■ **Task requirements**
Strip out the pictures and output each remaining line of the data word for word.

■ **Data supplied**

******************************

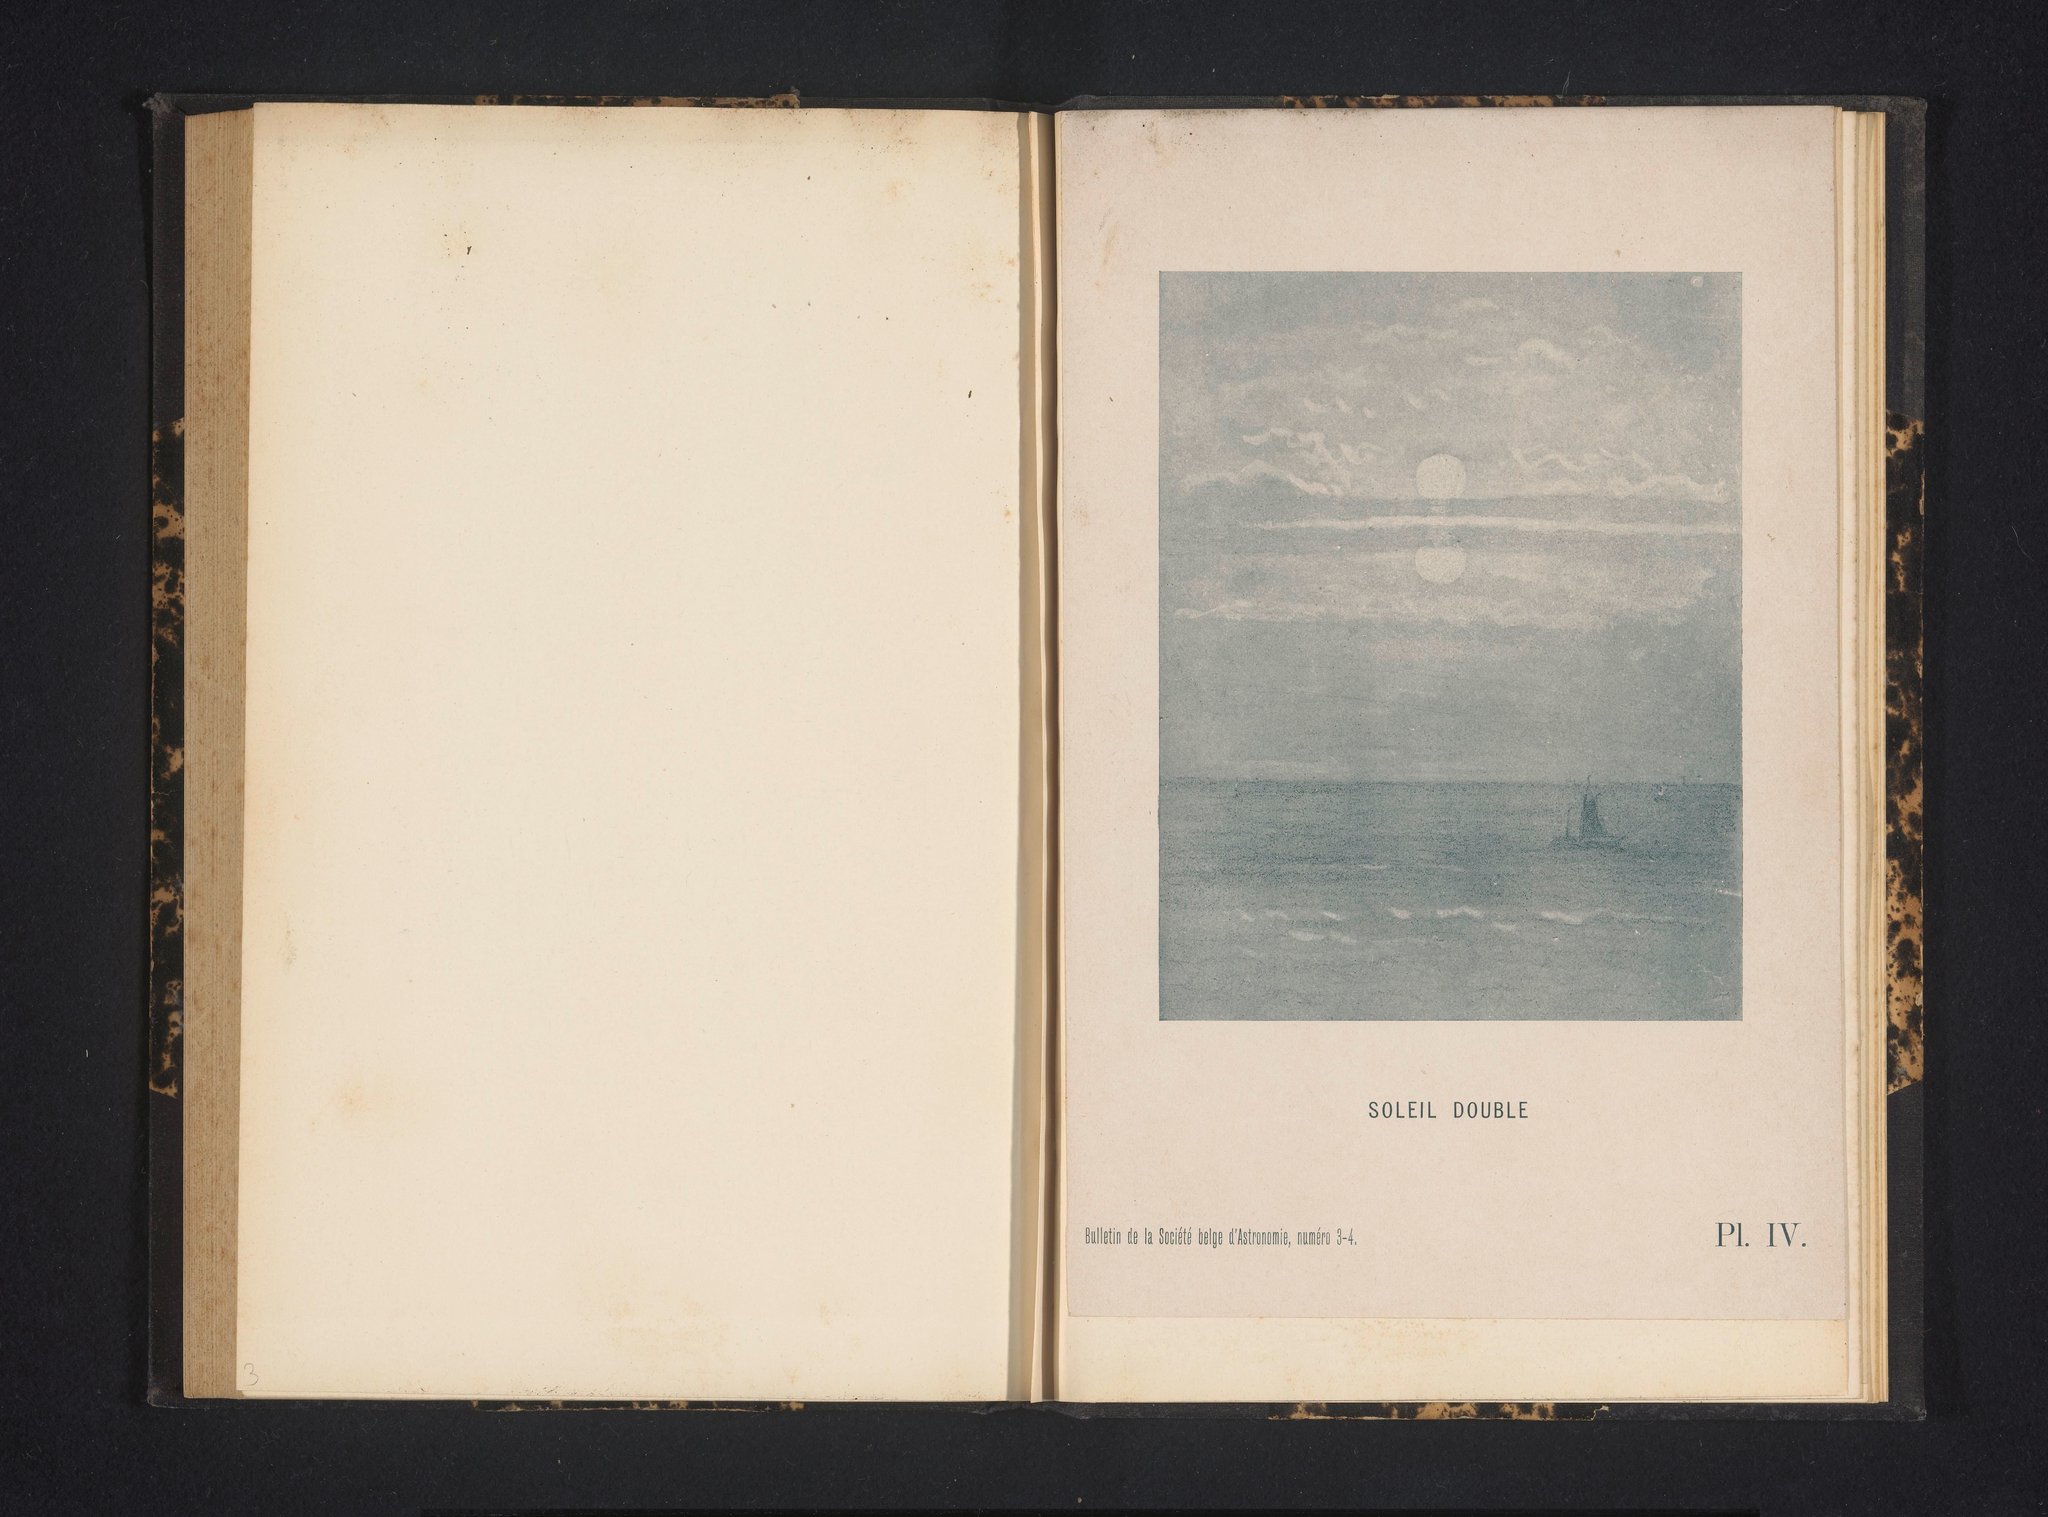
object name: page
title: Soleil Double
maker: Anonymous
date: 1890-1896
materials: paper
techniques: autotype
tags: landscapes with waters, waterscapes, seascapes (in the temperate zone), sun as celestial body
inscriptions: inscription: ‘Bulletin de la Societé belge d'Astronomie, número 1-2 Pl IV.’
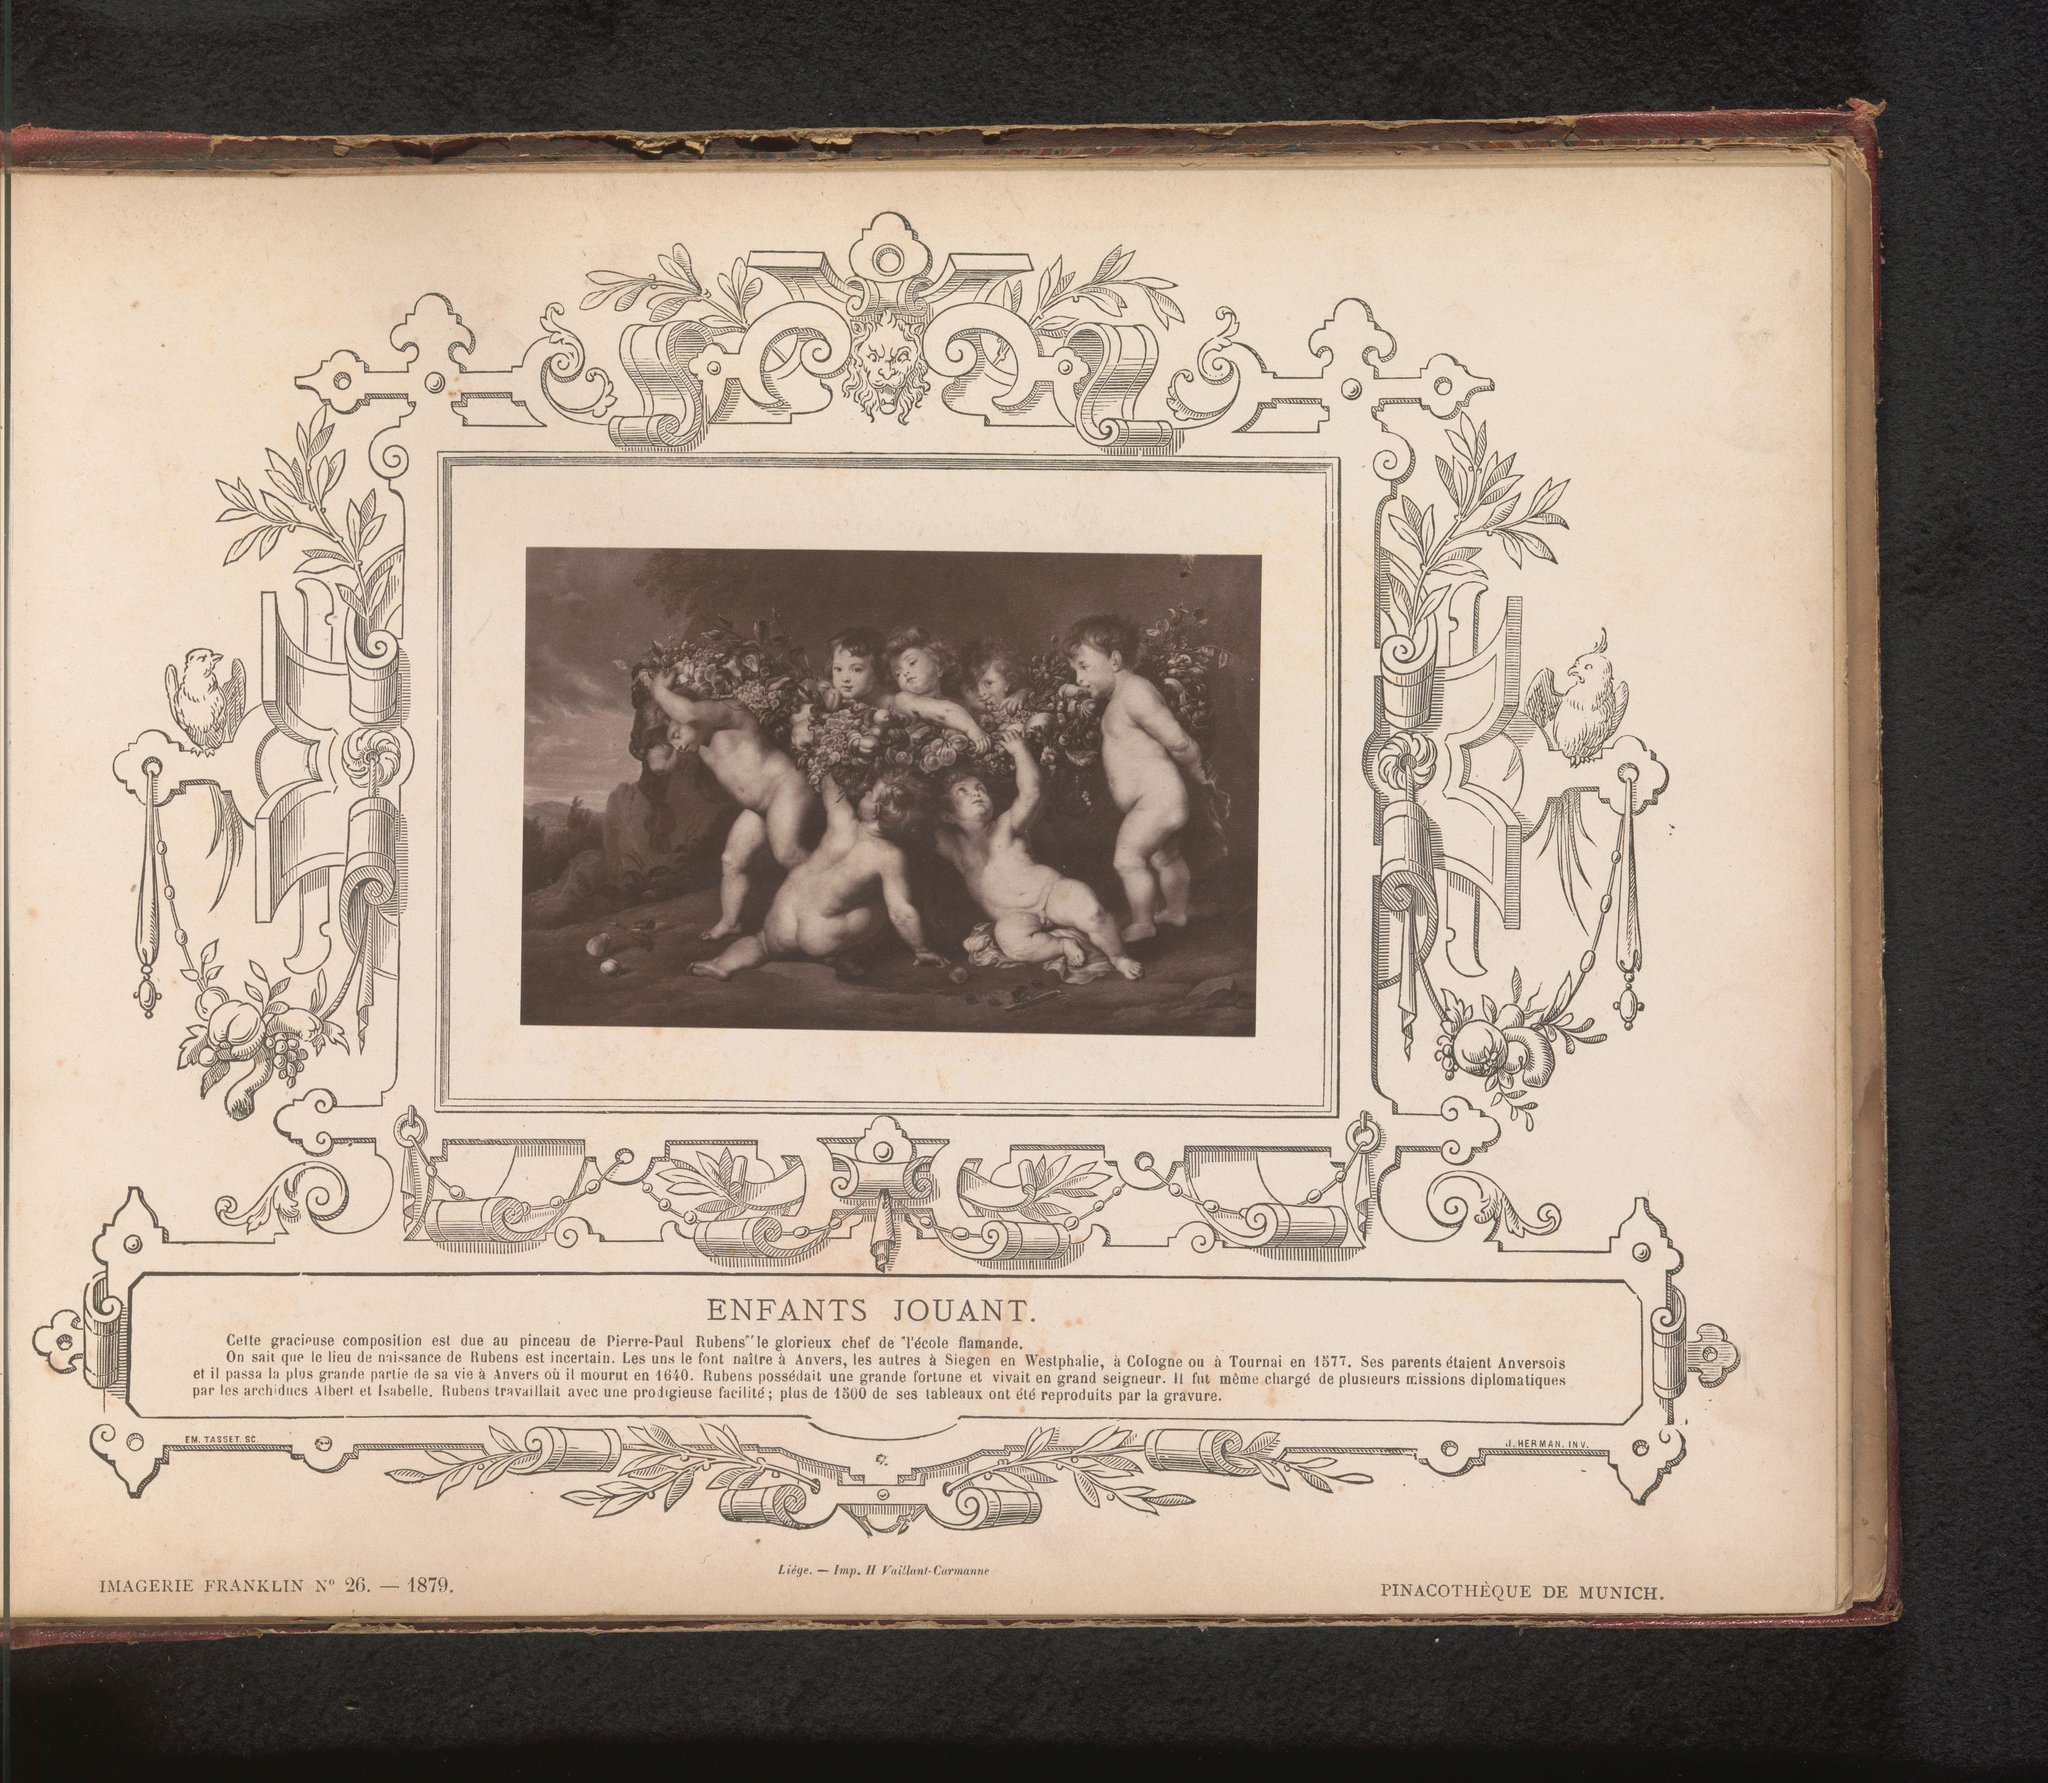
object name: reproduction
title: Reproductie van een schilderij van spelende kinderen door Peter Paul Rubens
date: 1874-1879
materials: paper
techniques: woodburytype
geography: liège
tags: children's games and plays, child
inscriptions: name: ‘EM. TASSET, SC.’, name: ‘J. HERMAN, INV.’, inscription: ‘PINACOTHÈQUE DE MUNICH.’, inscription: ‘IMAGERIE FRANKLIN No 26. -1879.’, inscription: ‘Cette gracieuse (...) la gravure.’
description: Deze prent maakt deel uit van een album.

******************************

■ **Answer for this exercise**
object name: page
title: Soleil Double
maker: Anonymous
date: 1890-1896
materials: paper
techniques: autotype
tags: landscapes with waters, waterscapes, seascapes (in the temperate zone), sun as celestial body
inscriptions: inscription: ‘Bulletin de la Societé belge d'Astronomie, número 1-2 Pl IV.’
object name: reproduction
title: Reproductie van een schilderij van spelende kinderen door Peter Paul Rubens
date: 1874-1879
materials: paper
techniques: woodburytype
geography: liège
tags: children's games and plays, child
inscriptions: name: ‘EM. TASSET, SC.’, name: ‘J. HERMAN, INV.’, inscription: ‘PINACOTHÈQUE DE MUNICH.’, inscription: ‘IMAGERIE FRANKLIN No 26. -1879.’, inscription: ‘Cette gracieuse (...) la gravure.’
description: Deze prent maakt deel uit van een album.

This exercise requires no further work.